TASK INSTRUCTIONS: Restate only the tail of the data below, starting at the line that contains "Units: m, deg." and including the last line, word for word.

EXTRACTED ENTRIES:
★ ★ ★
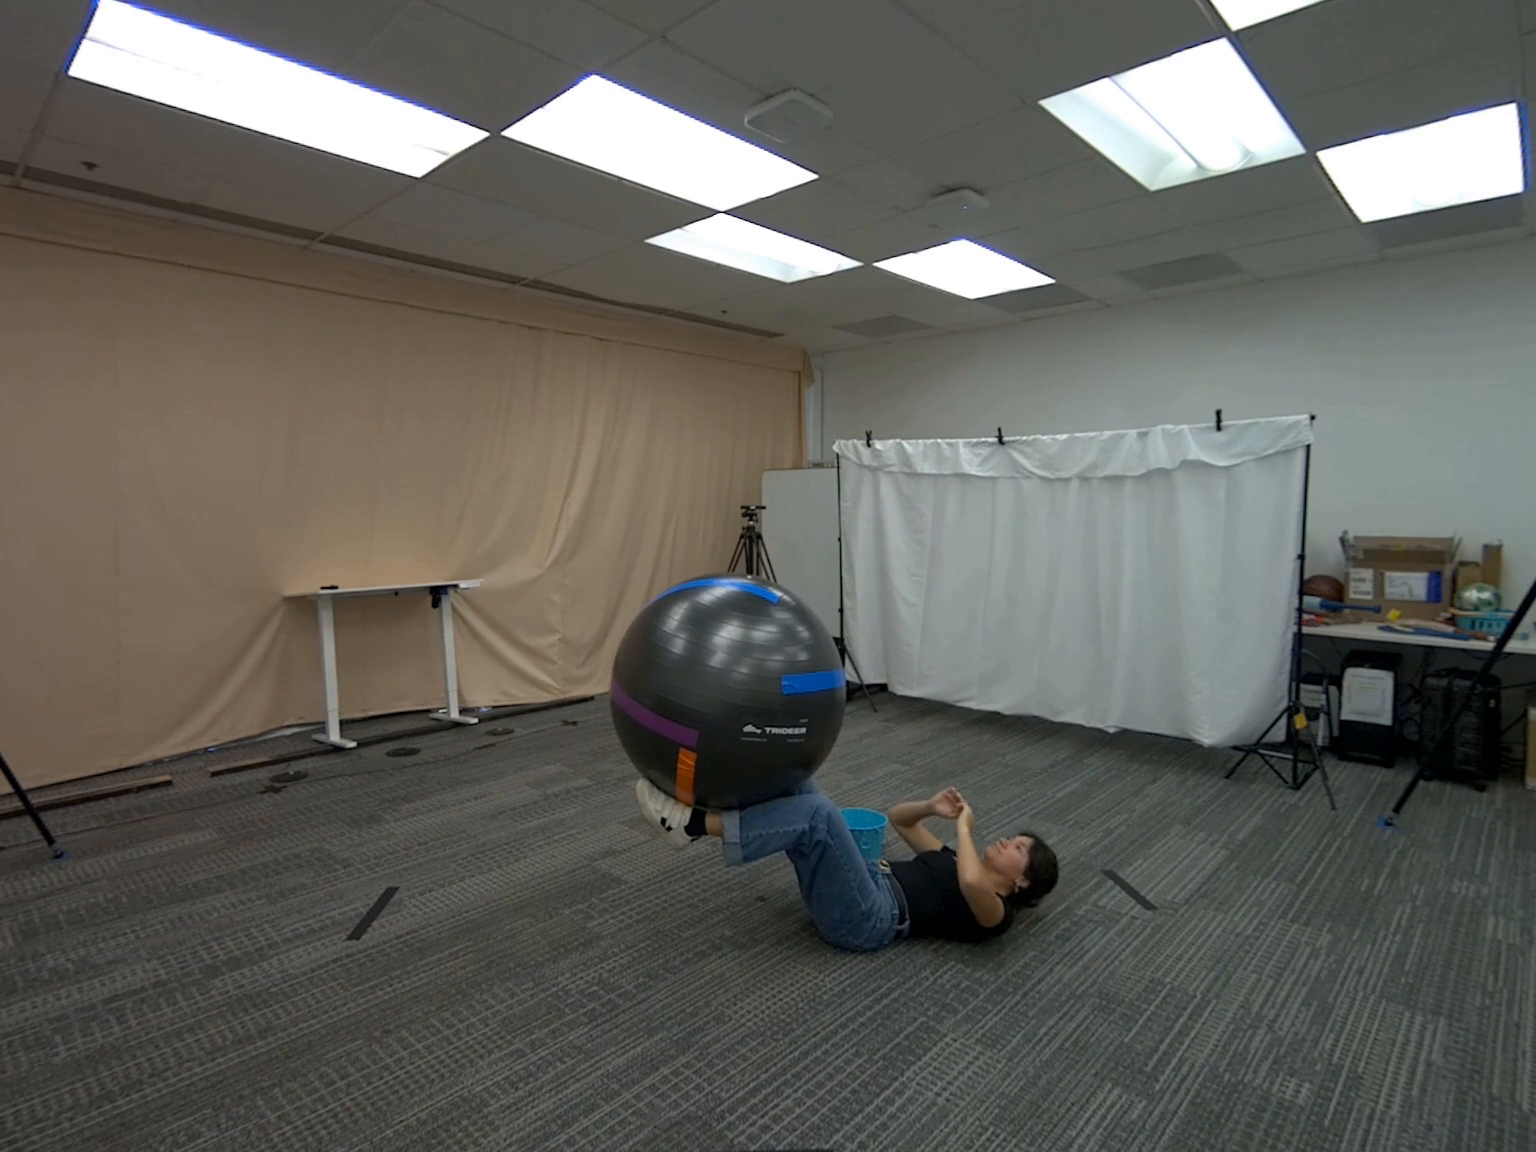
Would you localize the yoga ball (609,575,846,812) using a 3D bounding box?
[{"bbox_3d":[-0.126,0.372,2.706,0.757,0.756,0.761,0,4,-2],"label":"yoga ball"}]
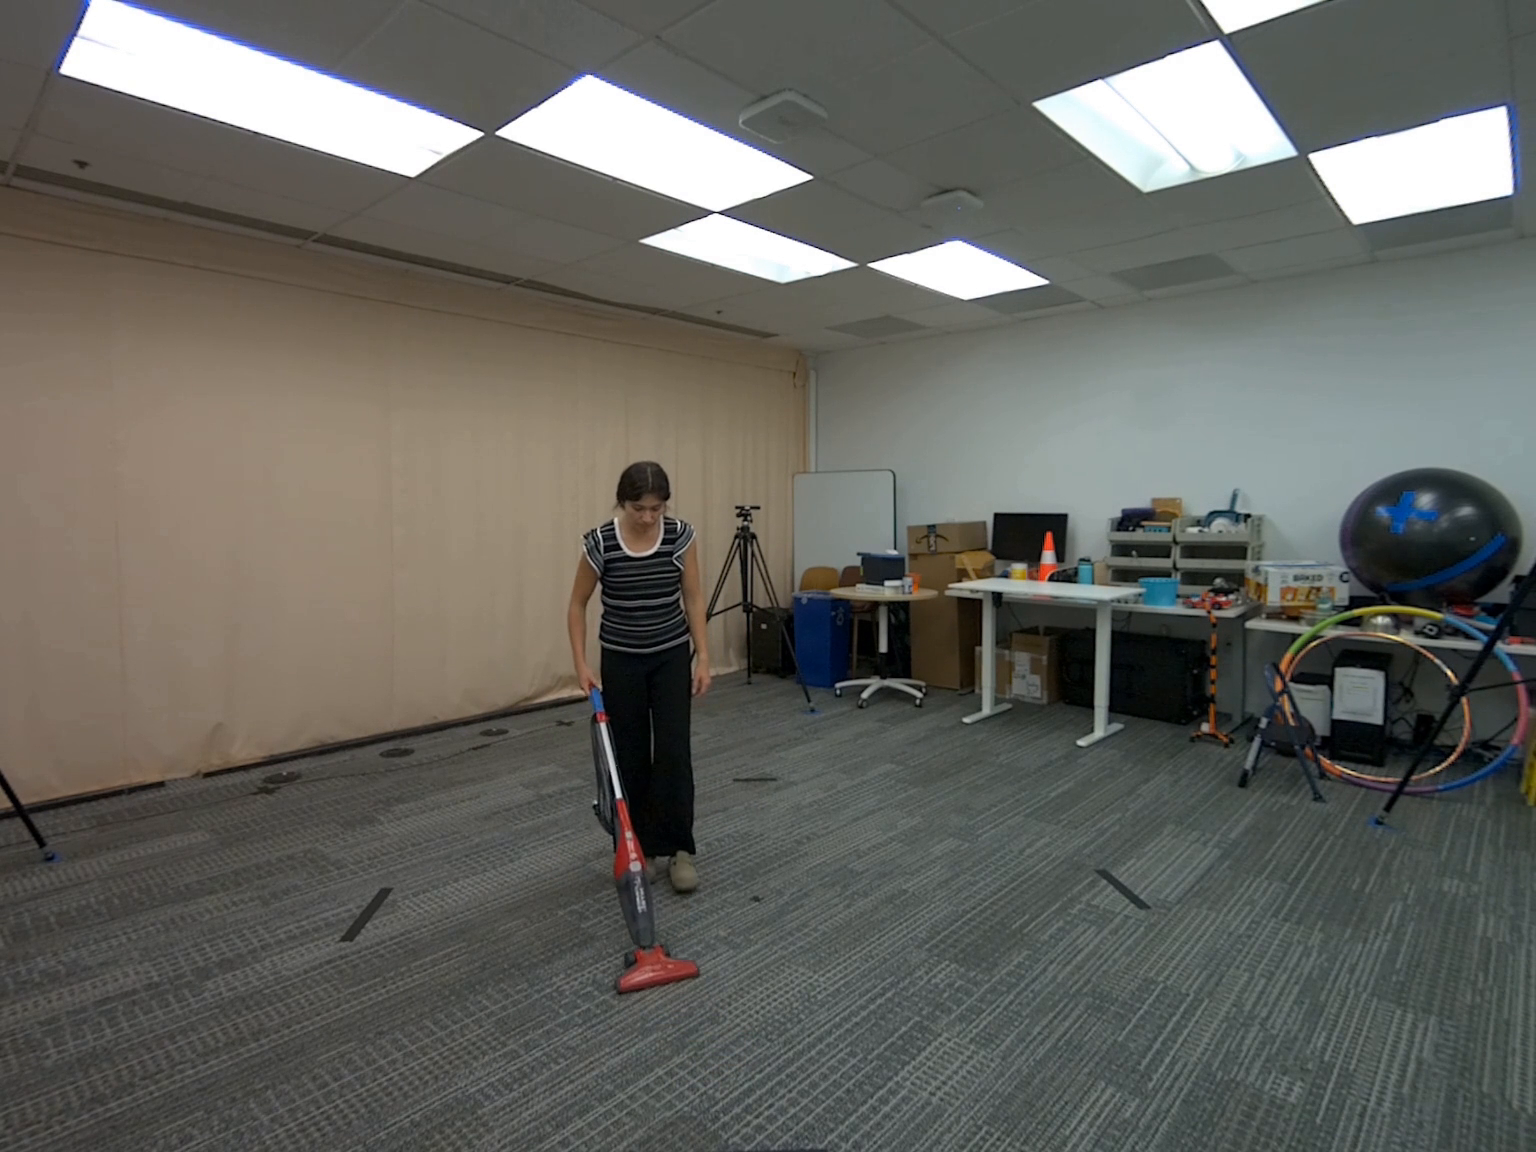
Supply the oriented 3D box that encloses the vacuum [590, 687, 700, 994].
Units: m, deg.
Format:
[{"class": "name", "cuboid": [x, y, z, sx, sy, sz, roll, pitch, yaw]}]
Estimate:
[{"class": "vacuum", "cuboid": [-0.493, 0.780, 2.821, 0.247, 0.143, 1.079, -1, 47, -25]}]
★ ★ ★
ANSWER SECTION:
Units: m, deg.
Format:
[{"class": "name", "cuboid": [x, y, z, sx, sy, sz, roll, pitch, yaw]}]
Estimate:
[{"class": "vacuum", "cuboid": [-0.493, 0.780, 2.821, 0.247, 0.143, 1.079, -1, 47, -25]}]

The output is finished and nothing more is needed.